New York, Aug 6 IANS | 5 months ago

Be it your first date, a job interview or a big game at college, listen to your favourite tune before plunging into action as music truly makes you feel powerful.

But not all songs have the same effect, researchers found, and the levels of bass are a key factor in their effectiveness.

"I believe our findings provide initial evidence for the potential strategic use of music, especially in situations where people need to feel empowered," said Dennis Hsu of the Kellogg School of Management at Northwestern University in the US.

The researchers first pre-tested 31 pieces of music from several genres, such as sports music, hip-hop, and reggae, to see how powerful participants felt listening to 30-second clips.
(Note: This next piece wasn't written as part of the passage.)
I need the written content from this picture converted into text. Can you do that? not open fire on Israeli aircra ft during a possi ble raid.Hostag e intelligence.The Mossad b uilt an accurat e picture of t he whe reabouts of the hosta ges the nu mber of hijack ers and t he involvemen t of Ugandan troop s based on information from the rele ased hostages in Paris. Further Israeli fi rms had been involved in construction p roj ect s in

From this pre-test, they identified the highest power and lowest power songs.

They looked at how the highest and lowest rated power songs affected both people's sense of power and three previously identified psychological and behavioural consequences of power.

These are the tendency to see the forest instead of the trees (thought abstraction), perceived control over social events (illusion of control), and the desire to move first in competitive interactions.
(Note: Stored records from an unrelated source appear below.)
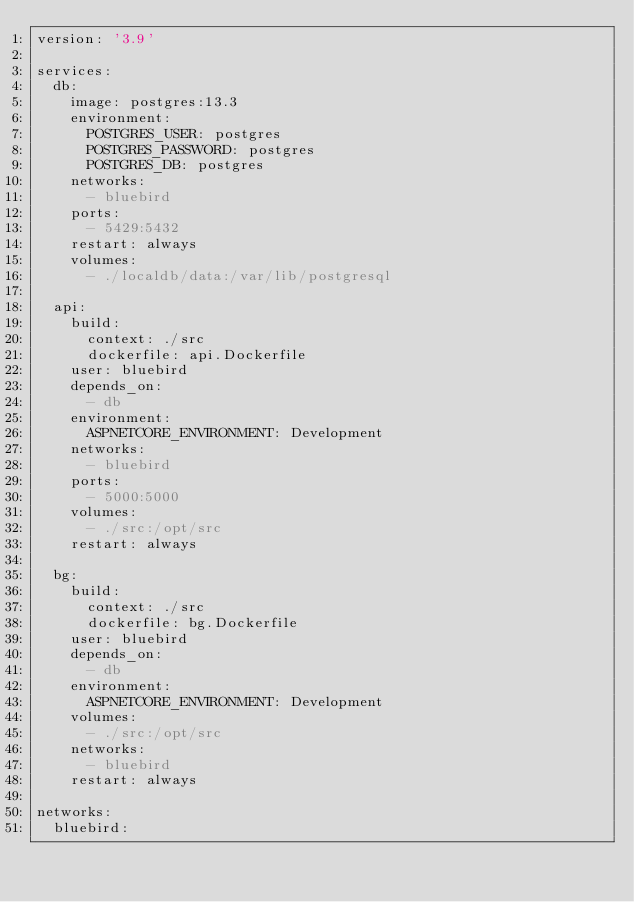Convert code to text. <code><loc_0><loc_0><loc_500><loc_500><_YAML_>version: '3.9'

services:
  db:
    image: postgres:13.3
    environment:
      POSTGRES_USER: postgres
      POSTGRES_PASSWORD: postgres
      POSTGRES_DB: postgres
    networks:
      - bluebird
    ports:
      - 5429:5432
    restart: always
    volumes:
      - ./localdb/data:/var/lib/postgresql
  
  api:
    build:
      context: ./src
      dockerfile: api.Dockerfile
    user: bluebird
    depends_on:
      - db
    environment:
      ASPNETCORE_ENVIRONMENT: Development
    networks:
      - bluebird
    ports:
      - 5000:5000
    volumes:
      - ./src:/opt/src
    restart: always
  
  bg:
    build:
      context: ./src
      dockerfile: bg.Dockerfile
    user: bluebird
    depends_on:
      - db
    environment:
      ASPNETCORE_ENVIRONMENT: Development
    volumes:
      - ./src:/opt/src
    networks:
      - bluebird
    restart: always

networks:
  bluebird:</code>

The researchers found that the high-power music not only evoked a sense of power unconsciously, but also systematically generated the three downstream consequences of power.

Importantly, the researchers also ruled out lyrics as the cause of the effects, separately asking people to rate how powerful the lyrics made them feel.

"Because participants did not report increased powerful feelings after reading the lyrics, we can rule out the semantic priming effect of lyrics in the selected songs," Hsu explained.

The study appeared in the journal Social Psychological and Personality Science.